Data items:

***

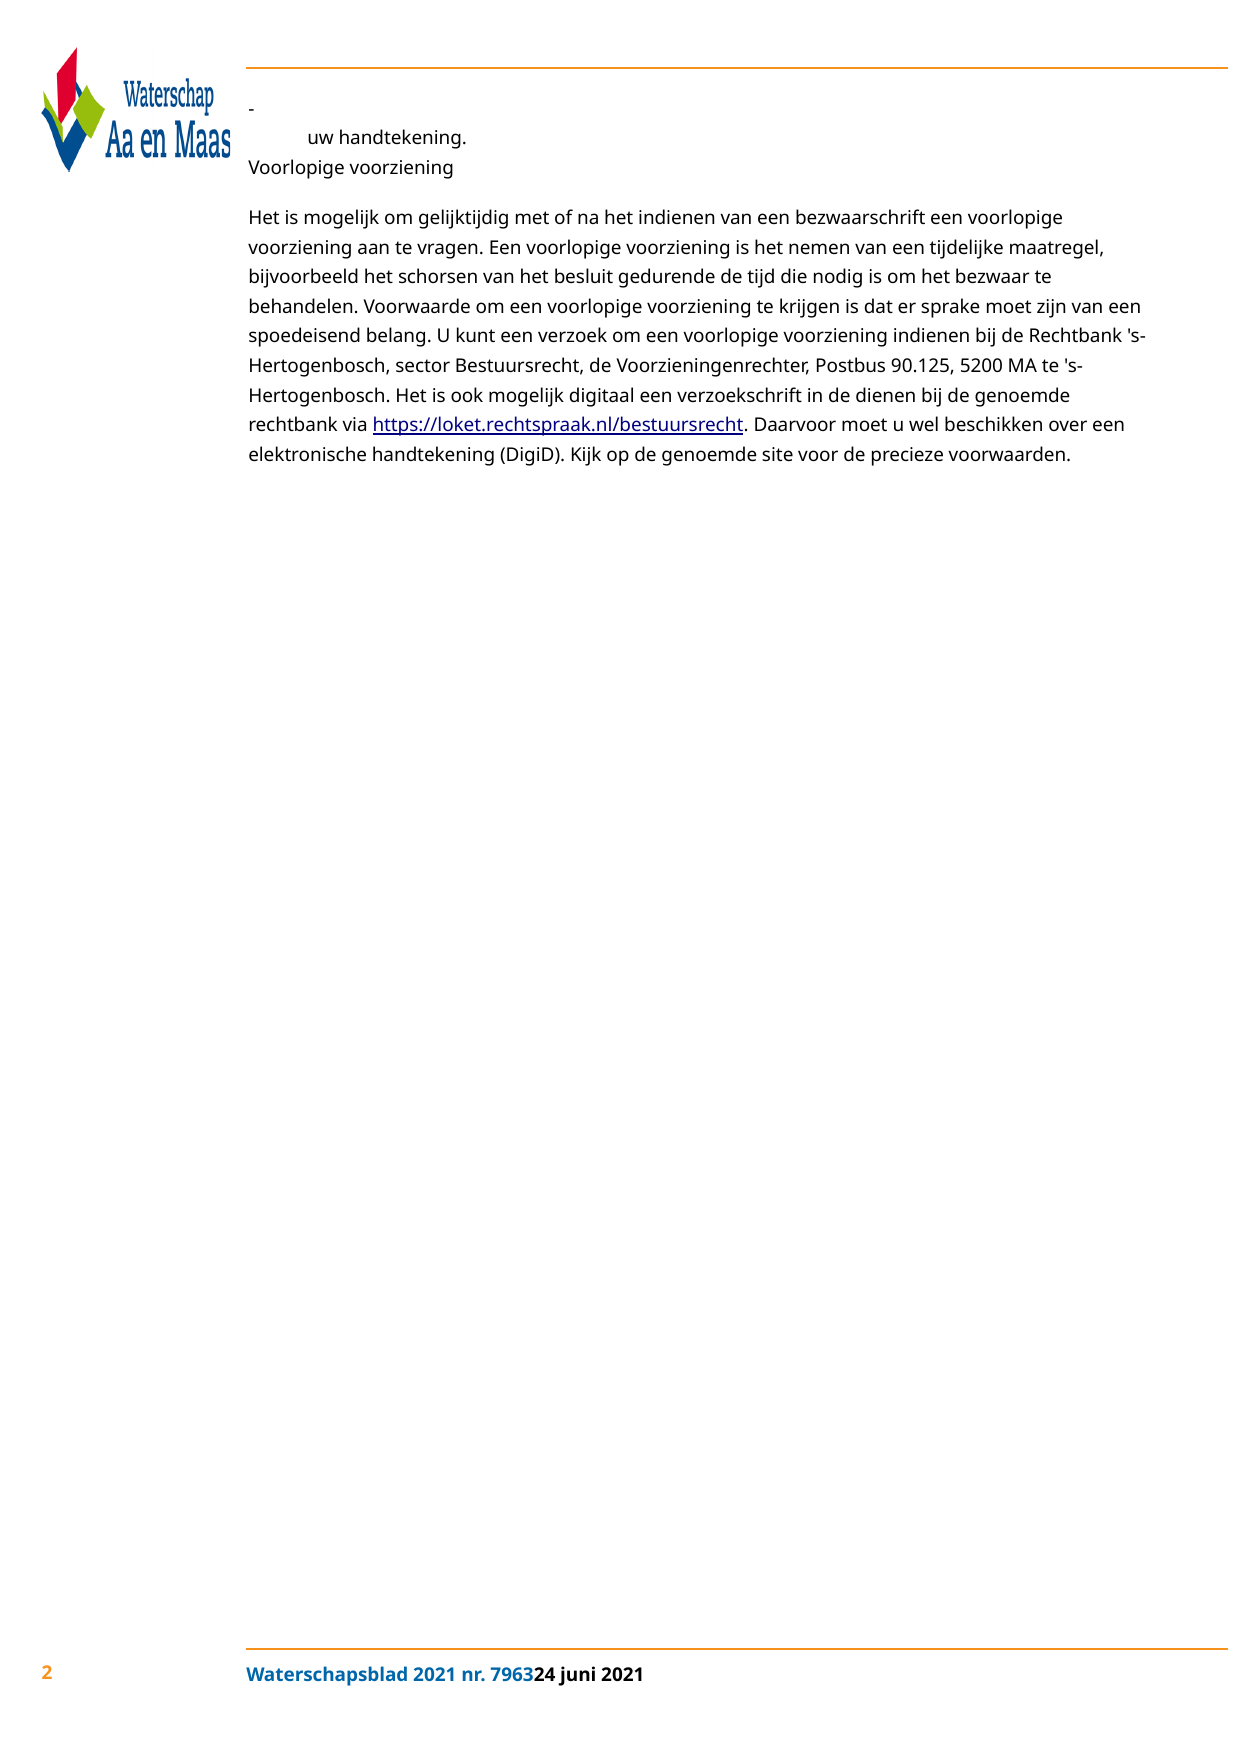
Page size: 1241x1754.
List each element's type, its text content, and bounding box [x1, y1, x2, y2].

picture [41, 47, 231, 172]
list uw handtekening. [248, 124, 1152, 150]
text Het is mogelijk om gelijktijdig met of na het indienen van een bezwaarschrift een voorlopige voorziening aan te vragen. Een voorlopige voorziening is het nemen van een tijdelijke maatregel, bijvoorbeeld het schorsen van het besluit gedurende de tijd die nodig is om het bezwaar te behandelen. Voorwaarde om een voorlopige voorziening te krijgen is dat er sprake moet zijn van een spoedeisend belang. U kunt een verzoek om een voorlopige voorziening indienen bij de Rechtbank 's-Hertogenbosch, sector Bestuursrecht, de Voorzieningenrechter, Postbus 90.125, 5200 MA te 's-Hertogenbosch. Het is ook mogelijk digitaal een verzoekschrift in de dienen bij de genoemde rechtbank via https://loket.rechtspraak.nl/bestuursrecht. Daarvoor moet u wel beschikken over een elektronische handtekening (DigiD). Kijk op de genoemde site voor de precieze voorwaarden. [248, 204, 1152, 467]
text Voorlopige voorziening [248, 154, 1152, 180]

***

> WHAT YOU NEED TO DO:
Keep the pictures out while you retype all of the data above exactly as it appears.

> RESULT FOR THIS TASK:
Page size: 1241x1754.
List each element's type, its text content, and bounding box [x1, y1, x2, y2].

picture [41, 47, 231, 172]
list uw handtekening. [248, 124, 1152, 150]
text Het is mogelijk om gelijktijdig met of na het indienen van een bezwaarschrift een voorlopige voorziening aan te vragen. Een voorlopige voorziening is het nemen van een tijdelijke maatregel, bijvoorbeeld het schorsen van het besluit gedurende de tijd die nodig is om het bezwaar te behandelen. Voorwaarde om een voorlopige voorziening te krijgen is dat er sprake moet zijn van een spoedeisend belang. U kunt een verzoek om een voorlopige voorziening indienen bij de Rechtbank 's-Hertogenbosch, sector Bestuursrecht, de Voorzieningenrechter, Postbus 90.125, 5200 MA te 's-Hertogenbosch. Het is ook mogelijk digitaal een verzoekschrift in de dienen bij de genoemde rechtbank via https://loket.rechtspraak.nl/bestuursrecht. Daarvoor moet u wel beschikken over een elektronische handtekening (DigiD). Kijk op de genoemde site voor de precieze voorwaarden. [248, 204, 1152, 467]
text Voorlopige voorziening [248, 154, 1152, 180]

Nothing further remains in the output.